▸ **WORK INSTRUCTIONS**
Copy out the entries that follow. Leave none out.

▸ **DATA TO USE**
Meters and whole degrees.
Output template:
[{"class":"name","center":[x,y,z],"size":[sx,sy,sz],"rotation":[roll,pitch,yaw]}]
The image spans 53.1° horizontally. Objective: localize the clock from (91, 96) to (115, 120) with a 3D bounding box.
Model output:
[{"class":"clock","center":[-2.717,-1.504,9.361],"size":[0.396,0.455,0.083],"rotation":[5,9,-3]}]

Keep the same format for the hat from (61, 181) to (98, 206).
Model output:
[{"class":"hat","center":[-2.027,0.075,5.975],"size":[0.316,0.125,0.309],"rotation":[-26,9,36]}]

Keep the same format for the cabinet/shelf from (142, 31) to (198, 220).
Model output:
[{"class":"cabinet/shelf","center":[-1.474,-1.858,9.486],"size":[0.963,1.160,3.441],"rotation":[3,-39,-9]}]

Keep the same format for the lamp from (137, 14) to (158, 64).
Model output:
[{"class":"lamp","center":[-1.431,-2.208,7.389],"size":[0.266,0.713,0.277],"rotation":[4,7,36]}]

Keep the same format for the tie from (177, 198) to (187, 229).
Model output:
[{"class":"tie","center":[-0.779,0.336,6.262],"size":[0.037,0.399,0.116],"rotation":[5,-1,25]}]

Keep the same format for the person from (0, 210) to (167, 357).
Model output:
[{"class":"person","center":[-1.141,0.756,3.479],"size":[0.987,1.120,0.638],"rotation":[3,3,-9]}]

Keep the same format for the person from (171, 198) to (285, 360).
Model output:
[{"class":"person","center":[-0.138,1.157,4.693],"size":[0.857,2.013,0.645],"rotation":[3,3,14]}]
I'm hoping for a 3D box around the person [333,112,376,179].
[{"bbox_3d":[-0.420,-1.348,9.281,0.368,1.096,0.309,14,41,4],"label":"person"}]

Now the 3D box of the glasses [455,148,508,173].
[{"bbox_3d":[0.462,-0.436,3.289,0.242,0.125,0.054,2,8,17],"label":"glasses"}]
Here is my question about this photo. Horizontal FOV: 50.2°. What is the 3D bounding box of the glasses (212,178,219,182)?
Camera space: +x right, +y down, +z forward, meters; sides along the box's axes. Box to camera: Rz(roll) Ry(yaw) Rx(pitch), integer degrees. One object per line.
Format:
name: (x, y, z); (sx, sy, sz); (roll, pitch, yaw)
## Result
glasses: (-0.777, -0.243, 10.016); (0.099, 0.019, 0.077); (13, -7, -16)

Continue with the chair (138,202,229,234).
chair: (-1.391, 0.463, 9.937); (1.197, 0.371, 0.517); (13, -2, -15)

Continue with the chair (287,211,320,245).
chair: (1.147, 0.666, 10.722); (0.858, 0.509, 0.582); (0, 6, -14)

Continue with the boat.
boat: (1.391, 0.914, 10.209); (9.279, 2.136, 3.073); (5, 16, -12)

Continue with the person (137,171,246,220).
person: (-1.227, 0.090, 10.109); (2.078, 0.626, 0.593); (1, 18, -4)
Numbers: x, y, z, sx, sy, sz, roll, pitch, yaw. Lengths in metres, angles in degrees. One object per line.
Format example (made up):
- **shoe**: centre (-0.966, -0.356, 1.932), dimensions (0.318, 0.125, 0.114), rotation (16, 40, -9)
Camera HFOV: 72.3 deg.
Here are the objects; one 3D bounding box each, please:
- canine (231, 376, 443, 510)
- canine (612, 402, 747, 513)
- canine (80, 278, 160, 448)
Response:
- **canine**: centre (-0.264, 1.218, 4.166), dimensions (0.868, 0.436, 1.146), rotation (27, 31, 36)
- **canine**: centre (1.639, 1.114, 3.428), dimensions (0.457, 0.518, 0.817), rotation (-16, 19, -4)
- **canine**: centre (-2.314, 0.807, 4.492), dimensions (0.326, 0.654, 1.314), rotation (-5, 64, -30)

▸ **EXERCISE OUTPUT**
Meters and whole degrees.
Output template:
[{"class":"name","center":[x,y,z],"size":[sx,sy,sz],"rotation":[roll,pitch,yaw]}]
The image spans 53.1° horizontally. Objective: localize the clock from (91, 96) to (115, 120) with a 3D bounding box.
Model output:
[{"class":"clock","center":[-2.717,-1.504,9.361],"size":[0.396,0.455,0.083],"rotation":[5,9,-3]}]

Keep the same format for the hat from (61, 181) to (98, 206).
Model output:
[{"class":"hat","center":[-2.027,0.075,5.975],"size":[0.316,0.125,0.309],"rotation":[-26,9,36]}]

Keep the same format for the cabinet/shelf from (142, 31) to (198, 220).
Model output:
[{"class":"cabinet/shelf","center":[-1.474,-1.858,9.486],"size":[0.963,1.160,3.441],"rotation":[3,-39,-9]}]

Keep the same format for the lamp from (137, 14) to (158, 64).
Model output:
[{"class":"lamp","center":[-1.431,-2.208,7.389],"size":[0.266,0.713,0.277],"rotation":[4,7,36]}]

Keep the same format for the tie from (177, 198) to (187, 229).
Model output:
[{"class":"tie","center":[-0.779,0.336,6.262],"size":[0.037,0.399,0.116],"rotation":[5,-1,25]}]

Keep the same format for the person from (0, 210) to (167, 357).
Model output:
[{"class":"person","center":[-1.141,0.756,3.479],"size":[0.987,1.120,0.638],"rotation":[3,3,-9]}]

Keep the same format for the person from (171, 198) to (285, 360).
Model output:
[{"class":"person","center":[-0.138,1.157,4.693],"size":[0.857,2.013,0.645],"rotation":[3,3,14]}]
I'm hoping for a 3D box around the person [333,112,376,179].
[{"bbox_3d":[-0.420,-1.348,9.281,0.368,1.096,0.309,14,41,4],"label":"person"}]

Now the 3D box of the glasses [455,148,508,173].
[{"bbox_3d":[0.462,-0.436,3.289,0.242,0.125,0.054,2,8,17],"label":"glasses"}]
Here is my question about this photo. Horizontal FOV: 50.2°. What is the 3D bounding box of the glasses (212,178,219,182)?
Camera space: +x right, +y down, +z forward, meters; sides along the box's axes. Box to camera: Rz(roll) Ry(yaw) Rx(pitch), integer degrees. One object per line.
Format:
name: (x, y, z); (sx, sy, sz); (roll, pitch, yaw)
## Result
glasses: (-0.777, -0.243, 10.016); (0.099, 0.019, 0.077); (13, -7, -16)

Continue with the chair (138,202,229,234).
chair: (-1.391, 0.463, 9.937); (1.197, 0.371, 0.517); (13, -2, -15)

Continue with the chair (287,211,320,245).
chair: (1.147, 0.666, 10.722); (0.858, 0.509, 0.582); (0, 6, -14)

Continue with the boat.
boat: (1.391, 0.914, 10.209); (9.279, 2.136, 3.073); (5, 16, -12)

Continue with the person (137,171,246,220).
person: (-1.227, 0.090, 10.109); (2.078, 0.626, 0.593); (1, 18, -4)
Numbers: x, y, z, sx, sy, sz, roll, pitch, yaw. Lengths in metres, angles in degrees. One object per line.
Format example (made up):
- **shoe**: centre (-0.966, -0.356, 1.932), dimensions (0.318, 0.125, 0.114), rotation (16, 40, -9)
Camera HFOV: 72.3 deg.
Here are the objects; one 3D bounding box each, please:
- canine (231, 376, 443, 510)
- canine (612, 402, 747, 513)
- canine (80, 278, 160, 448)
Response:
- **canine**: centre (-0.264, 1.218, 4.166), dimensions (0.868, 0.436, 1.146), rotation (27, 31, 36)
- **canine**: centre (1.639, 1.114, 3.428), dimensions (0.457, 0.518, 0.817), rotation (-16, 19, -4)
- **canine**: centre (-2.314, 0.807, 4.492), dimensions (0.326, 0.654, 1.314), rotation (-5, 64, -30)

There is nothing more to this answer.